REQUIREMENT: For every line in the data below that contains "size", copy the line.

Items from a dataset
↓

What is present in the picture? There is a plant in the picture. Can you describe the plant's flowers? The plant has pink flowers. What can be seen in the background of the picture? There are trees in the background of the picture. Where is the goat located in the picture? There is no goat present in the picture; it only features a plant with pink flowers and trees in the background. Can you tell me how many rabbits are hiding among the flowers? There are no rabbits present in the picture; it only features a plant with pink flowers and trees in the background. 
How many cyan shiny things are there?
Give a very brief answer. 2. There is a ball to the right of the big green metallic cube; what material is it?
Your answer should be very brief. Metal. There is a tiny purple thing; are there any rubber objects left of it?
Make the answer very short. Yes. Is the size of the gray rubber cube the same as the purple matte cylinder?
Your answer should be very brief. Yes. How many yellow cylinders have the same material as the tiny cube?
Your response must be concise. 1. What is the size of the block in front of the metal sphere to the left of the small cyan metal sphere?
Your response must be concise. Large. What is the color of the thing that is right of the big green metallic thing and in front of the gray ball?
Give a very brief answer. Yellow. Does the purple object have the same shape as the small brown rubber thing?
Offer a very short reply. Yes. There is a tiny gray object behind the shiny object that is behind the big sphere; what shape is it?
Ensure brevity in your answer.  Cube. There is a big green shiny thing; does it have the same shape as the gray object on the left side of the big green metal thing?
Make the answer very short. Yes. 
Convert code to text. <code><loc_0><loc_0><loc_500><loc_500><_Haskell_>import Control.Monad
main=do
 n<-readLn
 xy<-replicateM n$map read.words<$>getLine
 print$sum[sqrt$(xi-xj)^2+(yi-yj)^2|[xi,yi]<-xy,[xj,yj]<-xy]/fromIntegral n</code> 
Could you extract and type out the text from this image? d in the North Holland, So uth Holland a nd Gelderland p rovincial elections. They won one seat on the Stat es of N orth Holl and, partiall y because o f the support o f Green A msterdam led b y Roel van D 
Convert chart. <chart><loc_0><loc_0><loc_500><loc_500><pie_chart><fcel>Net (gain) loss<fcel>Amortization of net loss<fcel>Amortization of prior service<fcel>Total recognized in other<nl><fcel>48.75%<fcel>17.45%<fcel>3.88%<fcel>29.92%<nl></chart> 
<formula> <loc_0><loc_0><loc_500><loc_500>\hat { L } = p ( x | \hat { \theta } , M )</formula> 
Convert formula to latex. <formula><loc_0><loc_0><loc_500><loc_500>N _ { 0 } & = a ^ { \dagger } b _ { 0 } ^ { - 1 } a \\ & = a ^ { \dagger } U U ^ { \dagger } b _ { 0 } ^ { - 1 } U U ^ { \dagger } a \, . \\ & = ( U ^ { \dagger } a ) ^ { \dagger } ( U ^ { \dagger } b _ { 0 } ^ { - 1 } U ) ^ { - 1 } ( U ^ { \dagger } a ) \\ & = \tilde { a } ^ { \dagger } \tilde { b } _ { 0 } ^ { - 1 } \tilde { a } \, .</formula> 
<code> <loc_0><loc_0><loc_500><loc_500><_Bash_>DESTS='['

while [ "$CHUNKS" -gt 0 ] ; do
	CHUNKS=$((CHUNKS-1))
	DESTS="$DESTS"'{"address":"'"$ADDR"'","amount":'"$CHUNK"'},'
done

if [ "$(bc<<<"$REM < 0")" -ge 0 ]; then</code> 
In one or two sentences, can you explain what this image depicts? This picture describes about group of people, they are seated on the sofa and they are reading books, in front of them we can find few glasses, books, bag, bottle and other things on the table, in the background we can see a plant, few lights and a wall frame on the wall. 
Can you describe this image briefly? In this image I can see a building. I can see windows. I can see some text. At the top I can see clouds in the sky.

↑

FINAL ANSWER:
Make the answer very short. Yes. Is the size of the gray rubber cube the same as the purple matte cylinder?
Your response must be concise. 1. What is the size of the block in front of the metal sphere to the left of the small cyan metal sphere?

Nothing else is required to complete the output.